We’ve all heard about the Keystone XL Pipeline through which Canada proposes to ship oil from the Alberta tar sands to the U.S. Gulf Coast, and from there to the rest of the world. Few people, however, are aware that the U.S. has also become a net exporter of coal and is poised to become a gas exporter as well. Gas imports have fallen steadily since 2007, while exports have risen, and several U.S. gas companies are actively seeking federal and state approvals for the building of expanded gas export facilities.

All of the available scientific evidence suggests that greenhouse gas emissions must peak relatively soon and then fall dramatically over the next 50 years, if not sooner, if we are to avoid the most damaging and disruptive aspects of climate change. Yet we are building, or contemplating building, pipelines and export facilities that will contribute to increased fossil fuel use around the globe, ensuring further increases in emissions during the crucial period when they need to be dramatically decreasing.

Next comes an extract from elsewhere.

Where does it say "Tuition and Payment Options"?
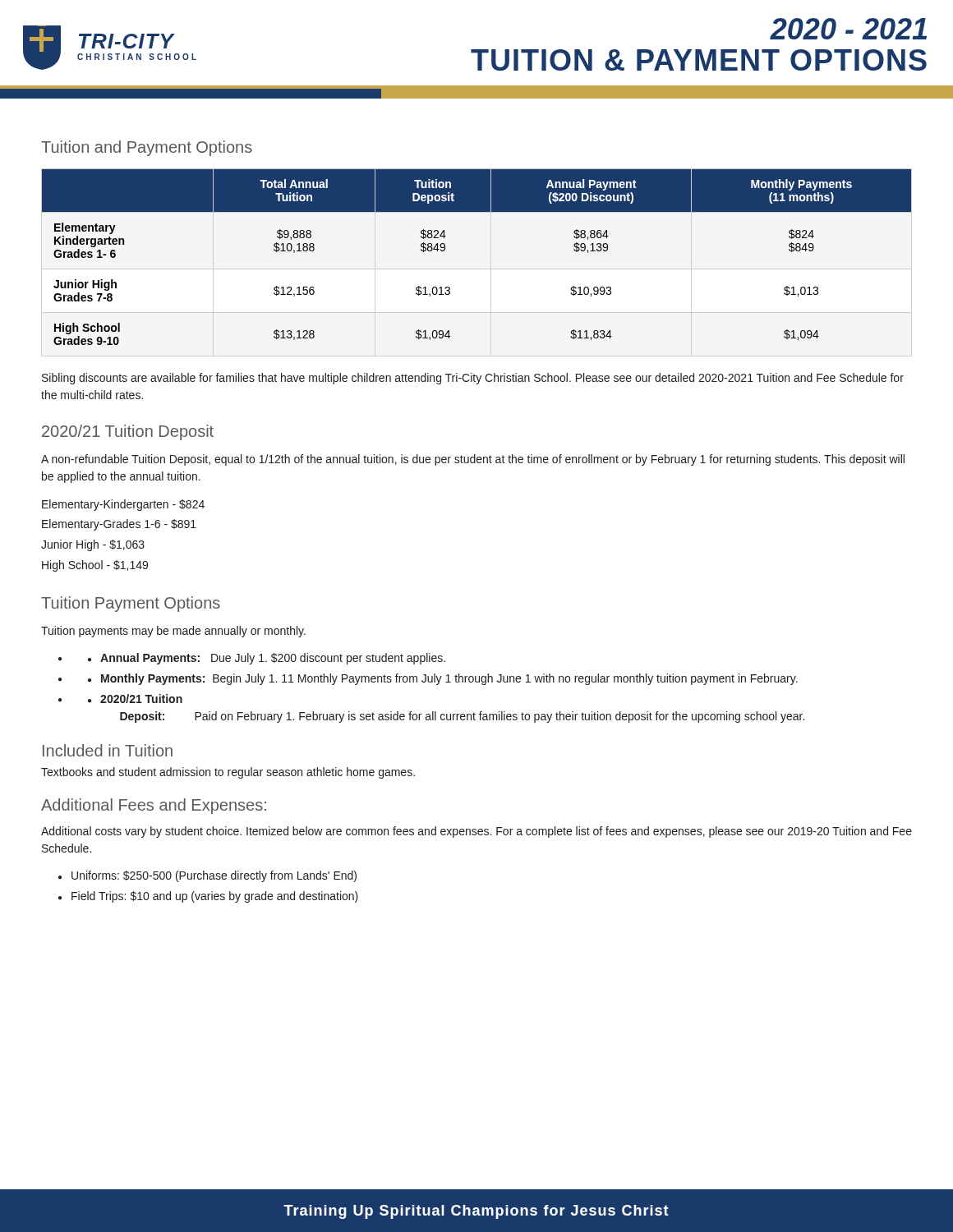This screenshot has height=1232, width=953. pyautogui.click(x=147, y=147)

Certain forms of infrastructure also effectively preclude others. Once you have built a city, you can’t use the same land for agriculture. Historians call this the “infrastructure trap.” The aggressive development of natural gas, not to mention tar sands, and oil in the melting Arctic, threaten to trap us into a commitment to fossil fuels that may be impossible to escape before it is too late. Animals are lured into traps by the promise of food. Is the idea of short-term cuts in greenhouse gas emissions luring us into the trap of long-term failure?

The fossil fuel industry and their allies have spent the past 20 years attacking environmentalists and climate scientists as extremists, alarmists, and hysterics. Their publicists have portrayed them as hair-shirt wearing, socialist watermelons (green on the outside, red on the inside) who relish suffering, kill jobs, and want everyone to freeze in the dark. Extremists do exist in the environmental movement as everywhere else, but they represent a tiny faction of the community of people concerned about climate change, and they are virtually nonexistent in the scientific community. (Put it this way: if there is a hair-shirt wearing climate scientist, I have not met her.)

Sometimes you can fight fire with fire, but the evidence suggests that this isn’t one of those times. Under current conditions, the increased availability and decreased price of natural gas are likely to lead to an increase in U.S. greenhouse gas emissions. Preliminary data from 2013 suggest that that is already occurring. And global emissions are, of course, continuing to increase as well.

Natural gas is not the bridge to clean energy; it’s the road to more climate change.